No, 1 in 3 Kids Coming Across the Southern Border Are Not Victims of Sex Trafficking
This preposterous claim is front and center in a new PragerU video.
In a recent short video for PragerU, Anna Paulina Luna, a Republican running for Congress in Florida, suggested that one third of the immigrant kids coming over our southern border are being sex trafficked.
She said it in a kind of garbled way—conflating the fact that some kids aren't related to their smugglers, with the fact that "sex trafficking exists"—but her conclusion was clear: Separating kids from the adults bringing them over the border is for their own protection, because otherwise they are being sold into prostitution.
This notion is preposterous, says Debbie Nathan, a journalist who has covered immigration for 40 years and co-authored an article on this topic in The Appeal. In that 2019 piece, titled, "Trump Has Turned the War on Trafficking into a War on Immigrants," she explained that there has been a "rhetorical mash-up of smuggling and trafficking."
What happened, Nathan tells Reason, is that in 2018, the government started doing DNA tests on a limited group of people crossing the border who had aroused particular suspicion. "It wasn't a random sample of people coming over the border," she says.
Indeed, many of them were not related to the people they said were their relatives. But that was only a small subset of migrants, and the results were neither surprising nor damning. Unrelated groups often cross the border together, because many times the biological parent is already in the U.S. They left their child behind to be raised by an aunt or grandma until the child was old enough to come over, or the parent was well-established enough to provide them a decent home. The parent then pays for the child's passage north. Maybe the child is accompanied by an aunt, or even a neighbor who is also migrating.
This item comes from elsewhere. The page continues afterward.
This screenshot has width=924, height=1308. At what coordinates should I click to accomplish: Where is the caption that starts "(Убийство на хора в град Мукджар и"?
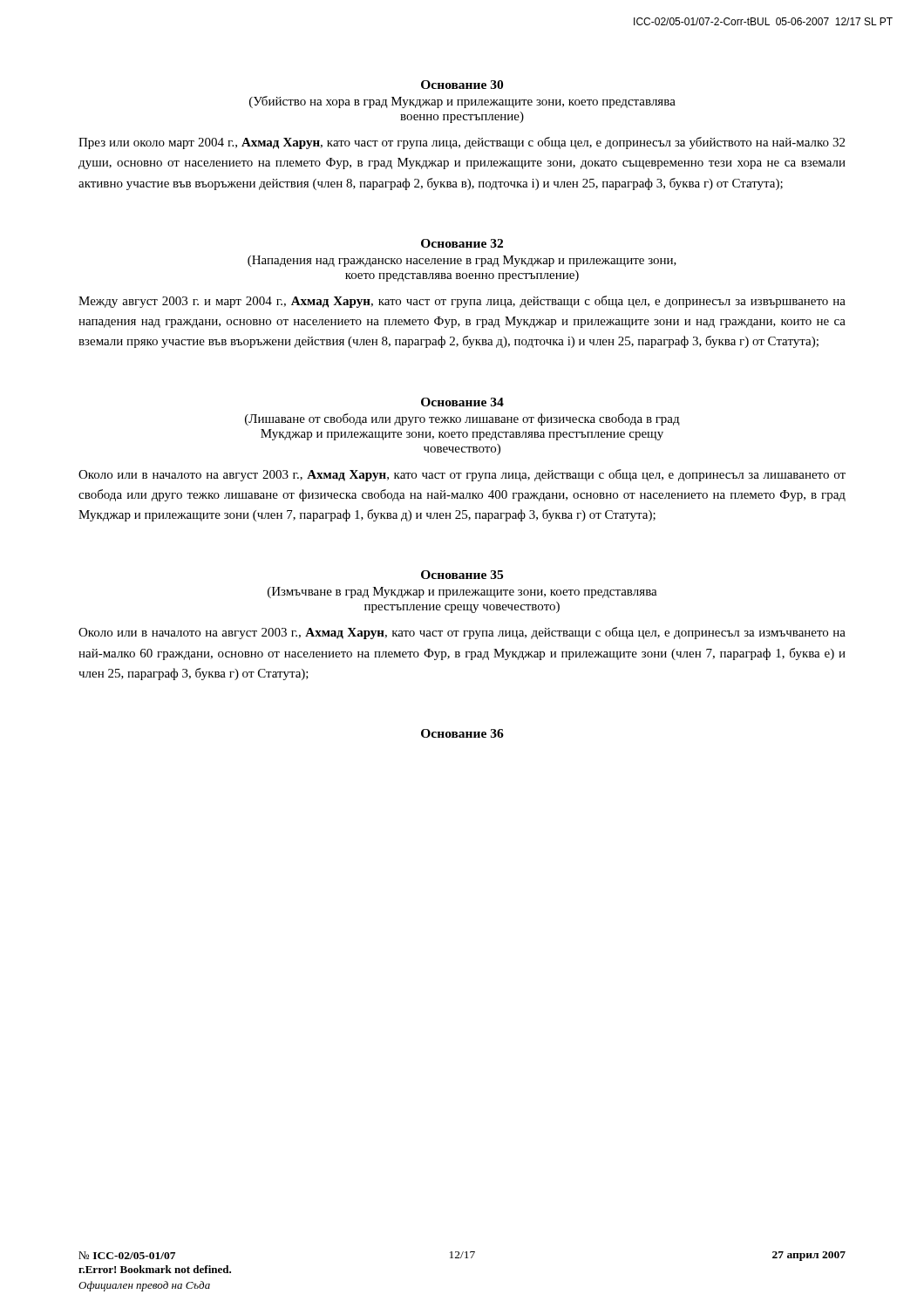pyautogui.click(x=462, y=109)

This person might lie about their relationship to the child, but that doesn't mean their true purpose is sex trafficking.
Some border crossers will be accompanied by smugglers. The fact that that smuggler isn't related to the child is considered proof that the child is being trafficked—which is sort of like saying that if the bus driver isn't related to the girl taking the bus, he must be planning to pimp her out.
"The word 'trafficking' is just so radioactive," says Nathan, it makes separating the child from the group, or even sending the child back to his home country, sound like the kinder option.
In the PragerU video, Luna says that she can't emphasize enough "how dangerous it is for these kids."
"These kids don't choose to be in this circumstance," she continues. "They're innocent in this. But if we're not protecting them through our legislative policies, then we're part of the problem and I will never back down from that stance."
The Appeal article put it a different way: "By characterizing the act of border crossing with children as 'trafficking,' a political idiom almost immune to challenge, [Trump] continues his war on immigrants."
In any case, the government has currently come up with a new excuse for separating children and sending them back across the border: COVID-19. The New York Times reported Wednesday that the feds are deporting hundreds of migrant kids and teens without any chance to plead their case. The government is citing a 1944 law that lists disease-prevention as a reason to bar foreigners from entering the country, but many of these kids were already here when the pandemic began.
Instead of insisting these kids are innocent trafficking victims who must be sent back, the feds are now treating them like invidious disease vectors. Both are pretexts for an unjustified policy.